▸ DIRECTIONS FOR THIS TASK:
Reproduce the entries that follow exactly, dropping each image.

▸ RECORD EXCERPTS:
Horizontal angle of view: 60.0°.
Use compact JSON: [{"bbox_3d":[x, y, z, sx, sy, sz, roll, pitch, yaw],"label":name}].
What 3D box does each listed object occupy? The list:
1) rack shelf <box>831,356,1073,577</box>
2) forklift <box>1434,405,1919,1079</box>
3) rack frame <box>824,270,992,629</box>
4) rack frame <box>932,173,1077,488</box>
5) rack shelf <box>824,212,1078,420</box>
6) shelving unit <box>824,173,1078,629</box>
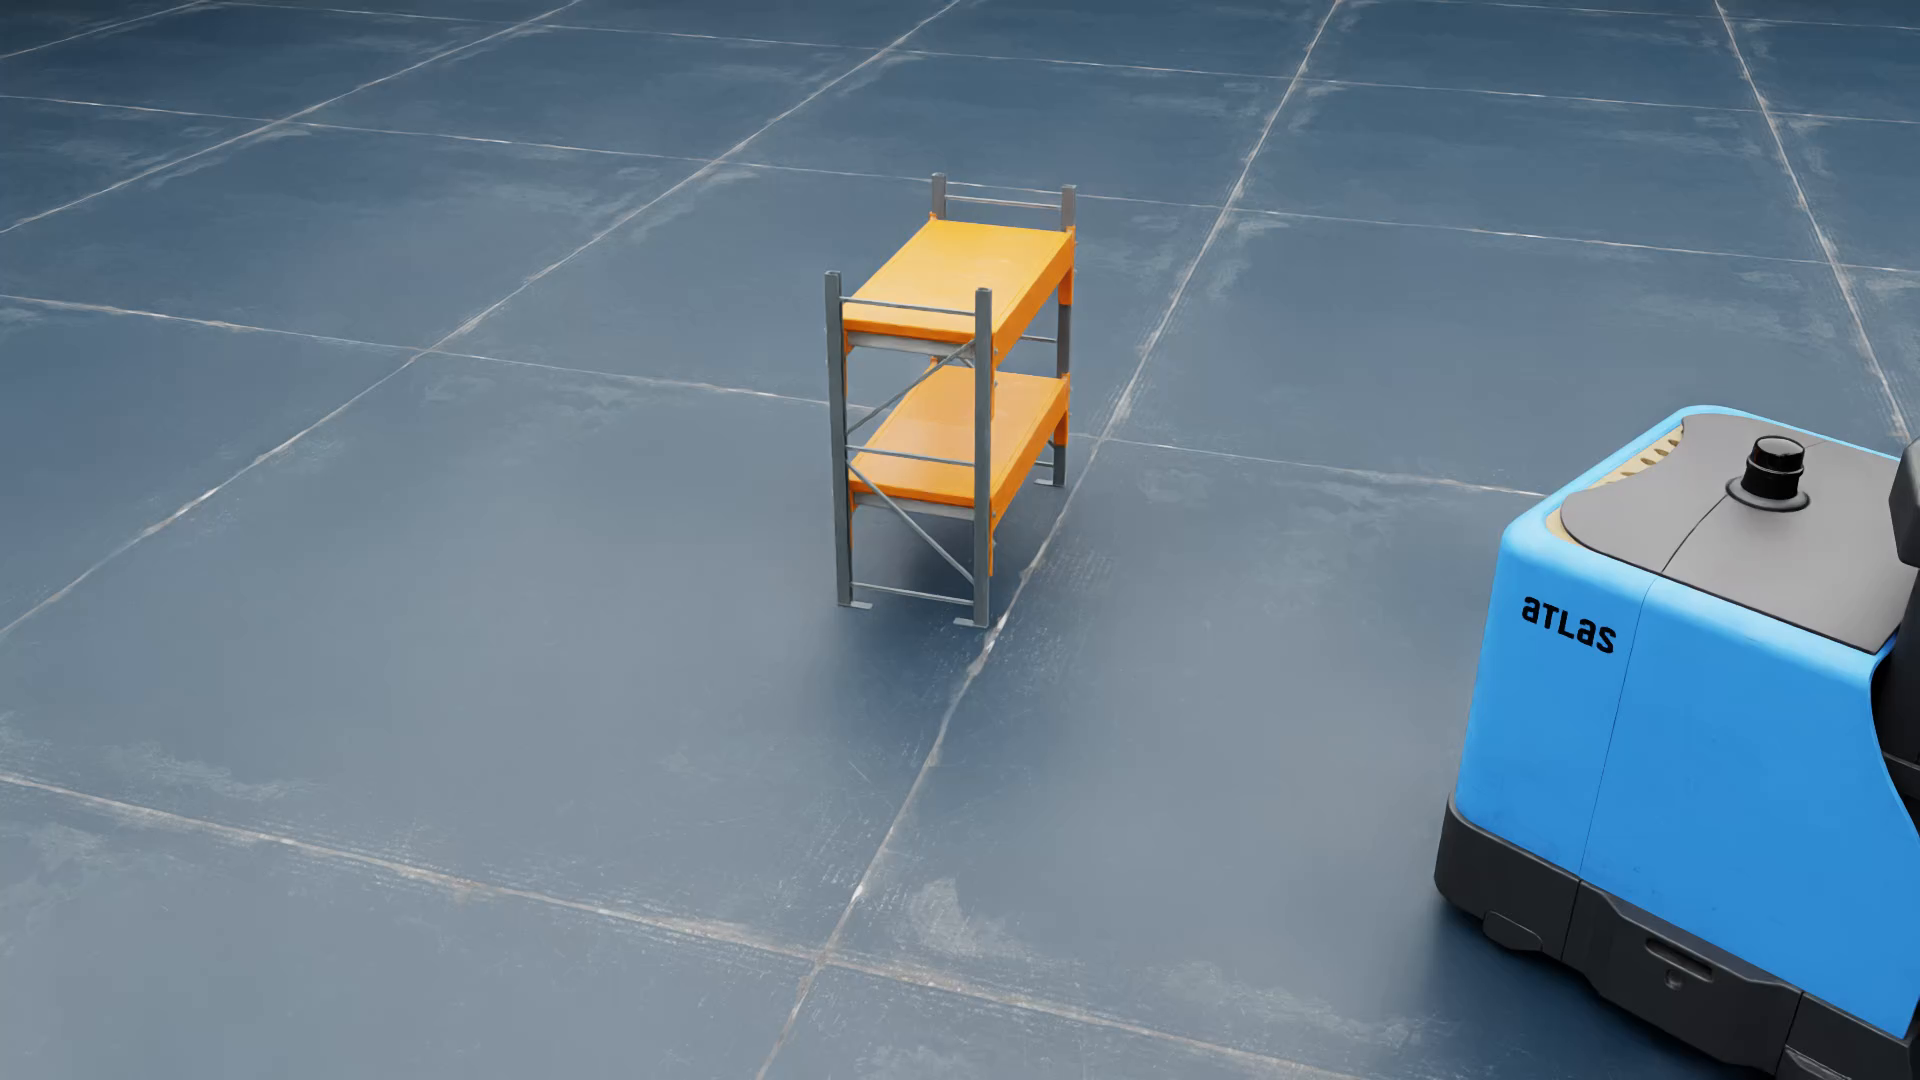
[{"bbox_3d":[-0.002,-0.275,5.590,0.538,0.278,1.000,8,30,15],"label":"rack shelf"},{"bbox_3d":[2.562,-0.031,2.790,1.130,2.935,3.031,-26,38,-38],"label":"forklift"},{"bbox_3d":[-0.151,-0.252,5.046,0.500,1.125,0.032,8,30,15],"label":"rack frame"},{"bbox_3d":[0.147,-0.725,5.896,0.500,1.125,0.032,8,30,15],"label":"rack frame"},{"bbox_3d":[-0.002,-0.744,5.329,0.538,0.278,1.000,8,30,15],"label":"rack shelf"},{"bbox_3d":[-0.002,-0.488,5.471,0.538,1.125,1.048,8,30,15],"label":"shelving unit"}]

▸ FINAL ANSWER:
Horizontal angle of view: 60.0°.
Use compact JSON: [{"bbox_3d":[x, y, z, sx, sy, sz, roll, pitch, yaw],"label":name}].
What 3D box does each listed object occupy? The list:
1) rack shelf <box>831,356,1073,577</box>
2) forklift <box>1434,405,1919,1079</box>
3) rack frame <box>824,270,992,629</box>
4) rack frame <box>932,173,1077,488</box>
5) rack shelf <box>824,212,1078,420</box>
6) shelving unit <box>824,173,1078,629</box>
[{"bbox_3d":[-0.002,-0.275,5.590,0.538,0.278,1.000,8,30,15],"label":"rack shelf"},{"bbox_3d":[2.562,-0.031,2.790,1.130,2.935,3.031,-26,38,-38],"label":"forklift"},{"bbox_3d":[-0.151,-0.252,5.046,0.500,1.125,0.032,8,30,15],"label":"rack frame"},{"bbox_3d":[0.147,-0.725,5.896,0.500,1.125,0.032,8,30,15],"label":"rack frame"},{"bbox_3d":[-0.002,-0.744,5.329,0.538,0.278,1.000,8,30,15],"label":"rack shelf"},{"bbox_3d":[-0.002,-0.488,5.471,0.538,1.125,1.048,8,30,15],"label":"shelving unit"}]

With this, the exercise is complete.